Does ref counting have terrible memory access?

Context: playing with an persistent b-tree impl

Question: does ref counting just have absolutely horrible memory access patterns ? When creating a new node, for every children we need to read the ref count, increment it, write it back out. This is basically totally random memory accesses.

Are there clever ways around this or is this just a fundamental limitation of ref counting ?

Yes, reference counting has this sort of bad memory access pattern (and that's one of the reasons why it's less popular in language designs than more complex garbage collection algorithms).

However, note that you can use Rust's core features to avoid updating reference counts in some common cases:

  • If you move an Rc<T> from one place to another, no refcount updates happen.
  • If you borrow an Rc β€” that is, pass around a &Rc<T> β€” then again, no updates happen, unless some function decides it needs to keep the reference and clone()s it.
  • (And, of course, you can borrow the contents, &T, if cloning isn't expected either.)

Thus, it's easy to write code with a minimal amount of reference count updates which would require lots of care without Rust's moves and borrows.

That said, this doesn't help you with your stated problem β€” if you create a new parent for some nodes in a persistent tree, then yes, you have to increment the counts of every child. Note that this isn't especially worse than e.g. iterating over the tree β€” that involves β€œrandom” accesses to many nodes too.

7 Likes

At this point I find myself wondering: why not just use an arena-based tree e.g. (shameless plug) gctree?

2 Likes

I am playing with my own implementation of 'persistent vector backed by btrees'. It is already arena based for allocations.

I am curious why you picked gc over a custom ref-count (in this case, a Vec). I am agnostic on what the right solution is, and am interested in hearing the thought process that led you to pick gc.

The GC in this case refers to the tree nodes, not general garbage collection.

When you delete a subtree, the nodes in that subtree are not dropped, but retained within the tree. In essence it's a performance optimization.

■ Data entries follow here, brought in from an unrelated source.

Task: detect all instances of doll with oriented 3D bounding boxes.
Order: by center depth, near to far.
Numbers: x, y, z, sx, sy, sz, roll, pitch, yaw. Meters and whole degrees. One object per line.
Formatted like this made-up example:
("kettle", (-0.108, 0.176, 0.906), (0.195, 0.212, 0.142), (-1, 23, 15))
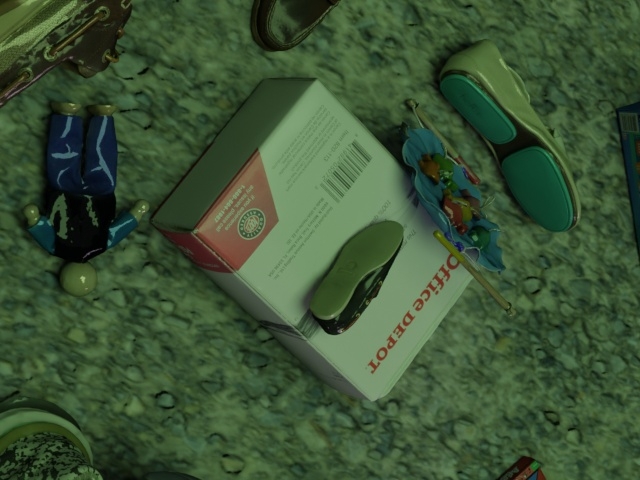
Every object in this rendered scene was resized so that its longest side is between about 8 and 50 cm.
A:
("doll", (-0.228, -0.038, 1.575), (0.129, 0.046, 0.189), (2, 94, -29))

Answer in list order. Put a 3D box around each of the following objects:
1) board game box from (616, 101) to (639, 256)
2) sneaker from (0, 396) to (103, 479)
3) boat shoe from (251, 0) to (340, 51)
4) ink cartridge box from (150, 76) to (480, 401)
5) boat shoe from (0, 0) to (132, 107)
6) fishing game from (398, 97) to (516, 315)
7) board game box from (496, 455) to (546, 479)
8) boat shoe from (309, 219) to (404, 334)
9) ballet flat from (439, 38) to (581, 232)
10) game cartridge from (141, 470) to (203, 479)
("board game box", (0.427, -0.055, 1.882), (0.047, 0.160, 0.210), (-18, 105, -27))
("sneaker", (-0.317, 0.350, 1.490), (0.158, 0.182, 0.410), (25, 84, -29))
("boat shoe", (0.004, -0.284, 1.665), (0.073, 0.073, 0.207), (36, 79, -29))
("ink cartridge box", (0.000, 0.000, 1.668), (0.283, 0.117, 0.207), (45, 74, -26))
("boat shoe", (-0.244, -0.208, 1.515), (0.342, 0.123, 0.123), (-38, 126, -21))
("fishing game", (0.145, -0.050, 1.686), (0.041, 0.264, 0.189), (-34, 117, 19))
("board game box", (0.174, 0.392, 1.865), (0.281, 0.027, 0.145), (-38, 114, -21))
("boat shoe", (0.039, 0.035, 1.602), (0.133, 0.049, 0.042), (-52, 144, -21))
("ballet flat", (0.227, -0.121, 1.812), (0.086, 0.086, 0.248), (-45, 114, -18))
("game cartridge", (-0.142, 0.331, 1.574), (0.196, 0.060, 0.294), (-57, 156, -11))
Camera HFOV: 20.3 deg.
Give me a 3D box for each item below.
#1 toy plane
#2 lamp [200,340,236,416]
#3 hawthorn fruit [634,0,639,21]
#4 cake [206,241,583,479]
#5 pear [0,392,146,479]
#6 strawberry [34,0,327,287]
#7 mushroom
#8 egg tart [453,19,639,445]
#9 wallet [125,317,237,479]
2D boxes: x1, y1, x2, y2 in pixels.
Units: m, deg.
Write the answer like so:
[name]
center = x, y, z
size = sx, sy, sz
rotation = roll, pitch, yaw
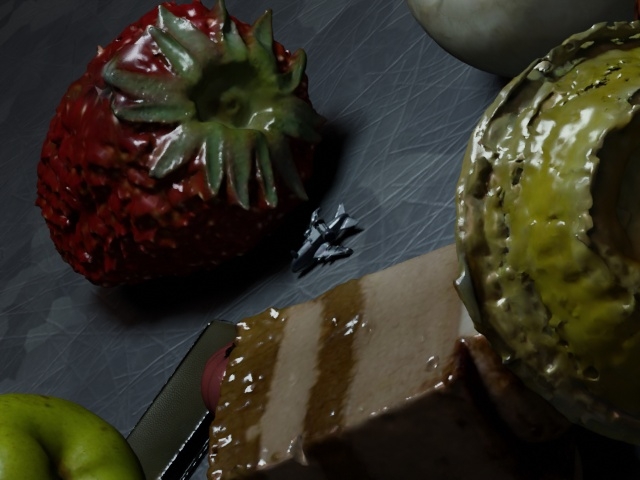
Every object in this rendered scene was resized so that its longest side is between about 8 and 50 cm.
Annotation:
[toy plane]
center = 0.000, 0.000, 1.779
size = 0.083, 0.031, 0.078
rotation = -41, 41, 1
[lamp]
center = -0.055, 0.128, 1.614
size = 0.107, 0.092, 0.107
rotation = -8, 17, 2
[hawthorn fruit]
center = 0.371, -0.160, 1.341
size = 0.211, 0.211, 0.299
rotation = -44, 40, 1
[cake]
center = 0.083, 0.133, 1.330
size = 0.293, 0.199, 0.196
rotation = -24, 28, 25
[pear]
center = -0.273, 0.276, 1.520
size = 0.294, 0.294, 0.294
rotation = -32, 30, 21
[strawberry]
center = -0.160, -0.097, 1.911
size = 0.343, 0.292, 0.292
rotation = -26, 30, 57
[mushroom]
center = 0.193, -0.310, 1.669
size = 0.297, 0.290, 0.297
rotation = -31, 30, 20
[egg tart]
center = 0.242, -0.010, 1.191
size = 0.315, 0.315, 0.120
rotation = -51, -1, -14
[wallet]
center = -0.128, 0.163, 1.725
size = 0.110, 0.031, 0.198
rotation = 6, 55, 55
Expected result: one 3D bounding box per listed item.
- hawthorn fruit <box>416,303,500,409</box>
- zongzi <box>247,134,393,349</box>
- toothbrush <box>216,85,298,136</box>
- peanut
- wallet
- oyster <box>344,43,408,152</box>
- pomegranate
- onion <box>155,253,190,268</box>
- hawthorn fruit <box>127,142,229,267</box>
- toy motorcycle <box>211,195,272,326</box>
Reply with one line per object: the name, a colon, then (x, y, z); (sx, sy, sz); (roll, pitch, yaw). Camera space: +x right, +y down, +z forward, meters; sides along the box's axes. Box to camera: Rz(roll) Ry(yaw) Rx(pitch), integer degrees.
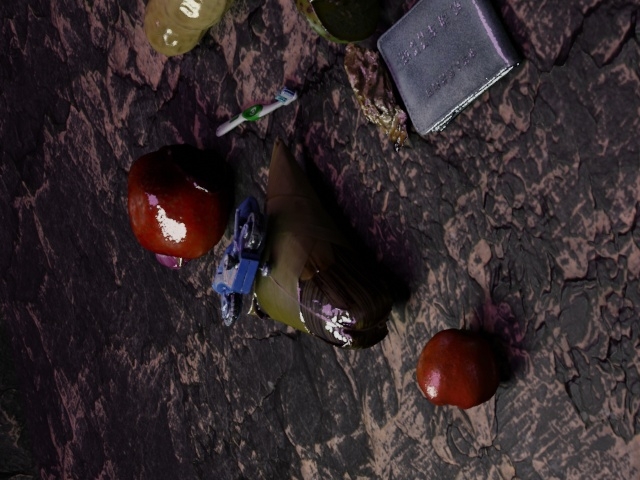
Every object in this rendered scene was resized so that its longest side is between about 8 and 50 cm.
hawthorn fruit: (0.203, 0.183, 1.528); (0.140, 0.125, 0.125); (-52, 57, 19)
zongzi: (0.000, 0.000, 1.720); (0.289, 0.154, 0.318); (15, 112, 51)
toothbrush: (-0.120, -0.227, 1.903); (0.304, 0.030, 0.030); (-16, 91, 60)
peanut: (-0.229, -0.430, 1.864); (0.319, 0.147, 0.148); (-42, 70, 52)
wallet: (0.169, -0.256, 1.441); (0.222, 0.036, 0.167); (-37, 74, 56)
oyster: (0.080, -0.210, 1.556); (0.105, 0.056, 0.177); (-143, 31, -85)
pomegranate: (0.029, -0.370, 1.496); (0.122, 0.143, 0.169); (47, 149, 35)
onion: (-0.293, 0.006, 2.220); (0.115, 0.104, 0.115); (-38, 34, 31)
hawthorn fruit: (-0.273, -0.062, 2.063); (0.215, 0.215, 0.250); (30, 134, 47)
toy motorcycle: (-0.132, 0.037, 1.747); (0.114, 0.076, 0.205); (-120, 43, -62)
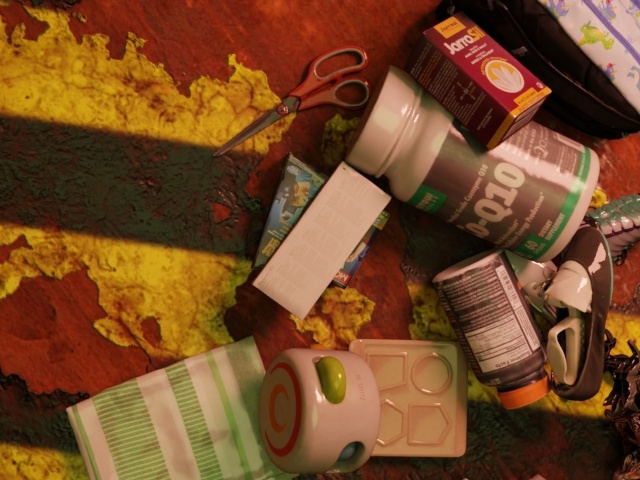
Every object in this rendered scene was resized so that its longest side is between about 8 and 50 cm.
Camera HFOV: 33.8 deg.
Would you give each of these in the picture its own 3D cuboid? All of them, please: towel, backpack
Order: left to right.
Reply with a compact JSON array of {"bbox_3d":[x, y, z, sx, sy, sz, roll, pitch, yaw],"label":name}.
[{"bbox_3d":[-0.223,0.325,1.709,0.325,0.038,0.248,-19,91,-5],"label":"towel"},{"bbox_3d":[0.404,-0.314,1.652,0.273,0.290,0.355,-42,100,-18],"label":"backpack"}]

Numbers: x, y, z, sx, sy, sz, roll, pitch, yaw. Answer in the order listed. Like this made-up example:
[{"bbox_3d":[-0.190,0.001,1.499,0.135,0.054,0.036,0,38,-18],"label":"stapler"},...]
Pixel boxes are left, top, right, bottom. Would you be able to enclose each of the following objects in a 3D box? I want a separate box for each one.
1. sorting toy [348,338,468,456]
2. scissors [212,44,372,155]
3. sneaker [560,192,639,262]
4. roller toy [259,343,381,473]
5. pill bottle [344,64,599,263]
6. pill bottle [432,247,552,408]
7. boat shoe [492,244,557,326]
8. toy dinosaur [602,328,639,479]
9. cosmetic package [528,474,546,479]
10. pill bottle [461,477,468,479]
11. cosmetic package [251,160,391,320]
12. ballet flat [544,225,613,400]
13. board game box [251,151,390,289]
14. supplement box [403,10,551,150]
[{"bbox_3d":[0.143,0.261,1.745,0.208,0.038,0.193,2,90,-9],"label":"sorting toy"},{"bbox_3d":[-0.053,-0.232,1.734,0.297,0.021,0.109,-20,94,-4],"label":"scissors"},{"bbox_3d":[0.499,-0.011,1.767,0.224,0.083,0.098,-15,120,-8],"label":"sneaker"},{"bbox_3d":[0.002,0.266,1.645,0.146,0.209,0.191,6,92,-27],"label":"roller toy"},{"bbox_3d":[0.235,-0.124,1.665,0.361,0.204,0.204,24,88,-4],"label":"pill bottle"},{"bbox_3d":[0.287,0.147,1.707,0.130,0.130,0.245,-25,93,-4],"label":"pill bottle"},{"bbox_3d":[0.380,0.080,1.742,0.226,0.076,0.083,43,86,-4],"label":"boat shoe"},{"bbox_3d":[0.545,0.249,1.746,0.218,0.164,0.322,22,70,-19],"label":"toy dinosaur"},{"bbox_3d":[0.419,0.580,1.688,0.155,0.197,0.365,-34,92,-4],"label":"cosmetic package"},{"bbox_3d":[0.190,0.460,1.720,0.160,0.087,0.087,-33,93,-5],"label":"pill bottle"},{"bbox_3d":[0.000,0.000,1.656,0.099,0.060,0.239,37,87,-6],"label":"cosmetic package"},{"bbox_3d":[0.402,0.119,1.651,0.096,0.095,0.280,-5,97,-36],"label":"ballet flat"},{"bbox_3d":[-0.020,-0.011,1.715,0.194,0.060,0.194,32,89,-5],"label":"board game box"},{"bbox_3d":[0.231,-0.239,1.561,0.188,0.081,0.104,45,51,13],"label":"supplement box"}]
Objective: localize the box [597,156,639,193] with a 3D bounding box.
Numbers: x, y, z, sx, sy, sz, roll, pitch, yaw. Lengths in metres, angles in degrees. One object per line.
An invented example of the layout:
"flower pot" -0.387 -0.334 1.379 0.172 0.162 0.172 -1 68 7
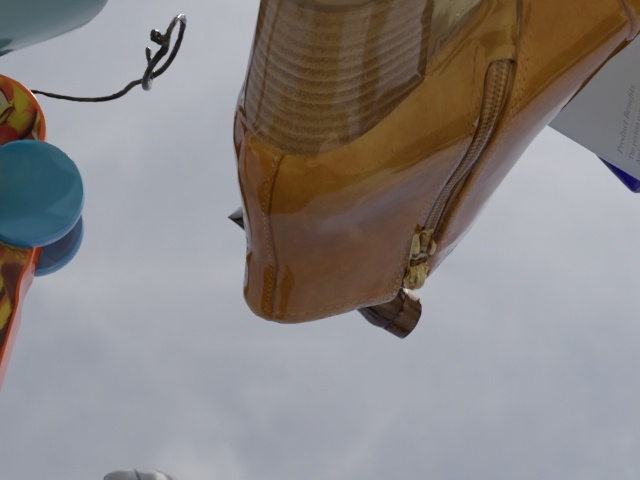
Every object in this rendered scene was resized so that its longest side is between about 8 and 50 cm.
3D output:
"box" 0.296 -0.106 1.052 0.126 0.137 0.072 -2 -132 -52

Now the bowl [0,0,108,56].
"bowl" -0.267 -0.191 0.674 0.311 0.311 0.163 42 -120 0

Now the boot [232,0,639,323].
"boot" 0.085 -0.088 0.586 0.295 0.211 0.104 -28 -119 -22

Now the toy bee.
"toy bee" -0.229 -0.041 0.894 0.162 0.195 0.298 24 -130 -2

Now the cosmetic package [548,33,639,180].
"cosmetic package" 0.196 -0.111 0.798 0.086 0.117 0.231 -11 -147 -28

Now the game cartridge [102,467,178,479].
"game cartridge" -0.053 0.258 0.488 0.060 0.196 0.294 -2 -65 -16

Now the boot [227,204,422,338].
"boot" 0.000 0.000 0.743 0.114 0.106 0.037 31 -78 -17

When a new node is created, if there is a garbage node then that is used. Only if there is no garbage node available is a new node allocated by the allocator used by the program.

The reason I included it is because since the Node type is generic, when instantiated to a type it could be arbitrarily large (and thus potentially expensive to drop). In addition, my own use cases for the crate favor faster runtime speeds over smaller memory consumption.

2 Likes

I am rusty on rust, but isn't it the case you can have a "persistent" (shared) tree where only the tree as a whole has a ref count? Maybe you mean the "internals" of the tree are shared, but that would seem an unusual use case to me, regarding a btree as a kind of container.

[ Big disclaimer: I may be talking nonsense, as I said I am VERY rusty on rust ]

Internals

Internals are shared. See: Persistent data structure - Wikipedia

This topic was automatically closed 90 days after the last reply. We invite you to open a new topic if you have further questions or comments.